Northern Ireland looks set to become the front runner in its legislative approach to rehabilitation and continuing disclosure of convictions by former offenders. Once enacted, the reform will be the first time rehabilitation periods have changed since the introduction of the original legislation in 1978.
The reform stems from the outcome of a recent successful judicial review taken by the Northern Ireland Human Rights Commission
with supporting evidence provided by NIACRO
, two NGOs that have long campaigned for reform to rehabilitation periods for the disclosure of convictions. In Re application by JR123  NIQB 97
, 1 November 2021, the High Court in Belfast considered the challenge from an applicant convicted of arson and other offences and sentenced to five years in prison in 1980 after becoming involved in a gang. Under the Rehabilitation of Offenders (Northern Ireland) Order 1978 SI No 1908 (NI 27), any sentence of imprisonment of over 30 months can never be spent and is subject to lifelong disclosure. Despite a clean record of 40 years, the conviction continued to dog the applicant, who struggled to find work again and as a result became self-employed, yet still found it hard to obtain insurance.

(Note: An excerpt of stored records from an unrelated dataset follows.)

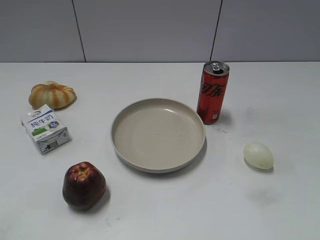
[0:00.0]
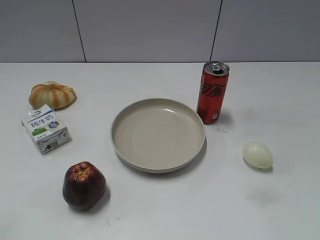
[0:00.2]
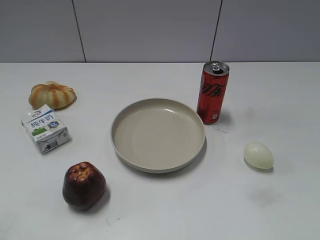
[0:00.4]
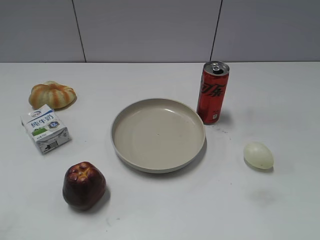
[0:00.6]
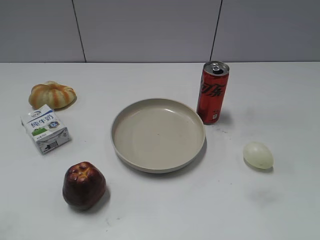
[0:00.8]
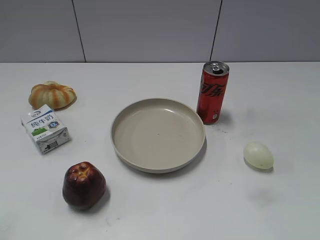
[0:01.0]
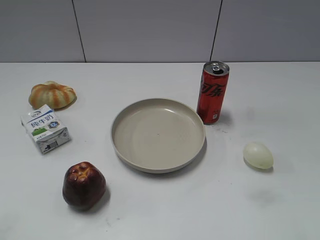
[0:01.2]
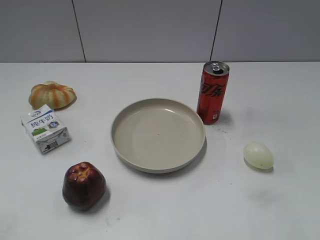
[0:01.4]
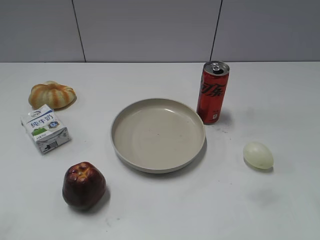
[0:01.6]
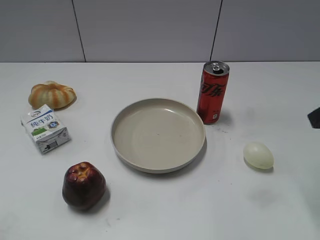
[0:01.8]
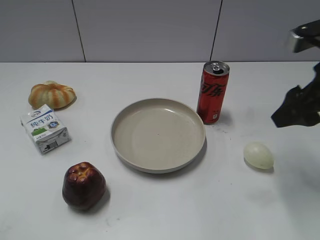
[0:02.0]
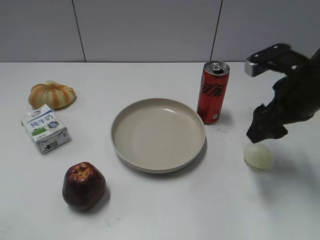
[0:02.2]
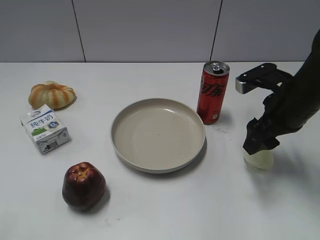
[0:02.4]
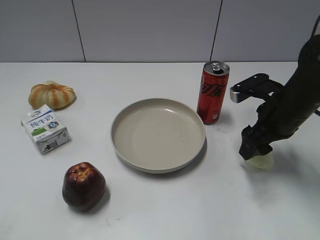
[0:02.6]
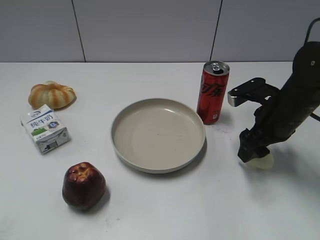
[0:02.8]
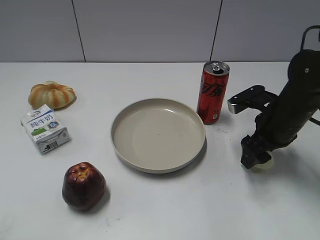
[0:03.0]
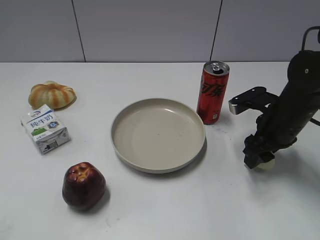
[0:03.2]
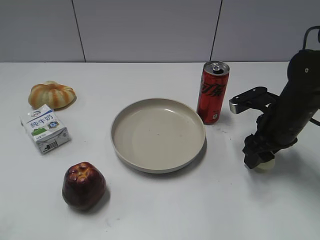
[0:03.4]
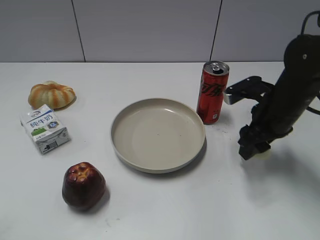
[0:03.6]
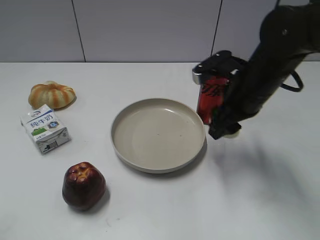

The challenge was based on the failure to provide any prospect of the conviction becoming spent being contrary to the right to private life under article 8 of the European Convention on Human Rights
Giving judgment, Colton J recognised both the public interest in providing the opportunity for rehabilitation and the need to ensure those convicted of serious offences serve an appropriate punishment and to protect the public from harm after a sentence is served. Having held that article 8 was engaged and being interfered with, the issue turned on whether the means applied were proportionate. In considering the balance to be struck, the judgment noted the circumstances in which disclosure continues to be required are extensive and are not confined to employment, but extend to travel, insurance, accommodation and other applications.
In reaching the decision, the judge distinguished the circumstances from those in Re application by Gallagher for judicial review (Northern Ireland) and other appeals  UKSC 3
; April 2019 Legal Action
251See also April 2019 Legal Action 9.
and Lord Sumption’s analysis, which dismissed a challenge to broadly equivalent legislation in England and Wales and to criminal record checks. As a result, a declaration was made under the Human Rights Act 1998 (HRA) that provision in Rehabilitation of Offenders (NI) Order article 6(1) that sentences of over 30 months can never be spent was incompatible with ECHR article 8.
The case had prompted the Department of Justice (NI) (DoJ (NI)) to issue a consultation document on reform prior to judgment being given.2Rehabilitation of offenders: a consultation on proposals to reform rehabilitation periods in Northern Ireland, DoJ(NI), 8 January 2021; closed 5 March 2021.
As the Northern Ireland Assembly’s mandate came to an end before elections in May 2022, the DoJ (NI) published the Rehabilitation of Offenders (Amendment) Order (NI) 2022. The amendment would have increased the period of imprisonment where convictions are automatically never spent from 30 months to 10 years. Disclosure periods for sentences of between four and 10 years, one and four years and under a year would also have been substantially reduced. A similar approach would have been taken to disclosure of fines and offences committed by those aged under 18.
Unfortunately, the amendment was withdrawn as it had not updated rehabilitation periods for military service disciplinary convictions under the 1978 Order. Nonetheless, a revised amendment is expected to be brought forward to the new Assembly with the changes hopefully applying from early autumn 2022.
In England and Wales, and in Scotland, there have been earlier reforms to reduce rehabilitation periods. Most recently, in September 2020, the Ministry of Justice issued a white paper, A smarter approach to sentencing
(CP 292), proposing a rehabilitative period of the length of the sentence plus seven years for those sentenced to more than four years in England and Wales.
This proposal and other reductions are now contained in the Police, Crime, Sentencing and Courts Bill
(clause 191(6)), which is in its final stages in parliament. There is a sting in the tail, though, in that exemptions apply to those convicted of serious sexual, violent or terrorist offences (clause 191(3)) – the crimes covered are so widely drawn in the bill that the exemptions will capture very large numbers in their net.
With storm clouds approaching strategic litigation on so many fronts, JR123 and its aftermath comprise a timely reminder of the value that a judicial review and the HRA can have as catalysts for legislative reform.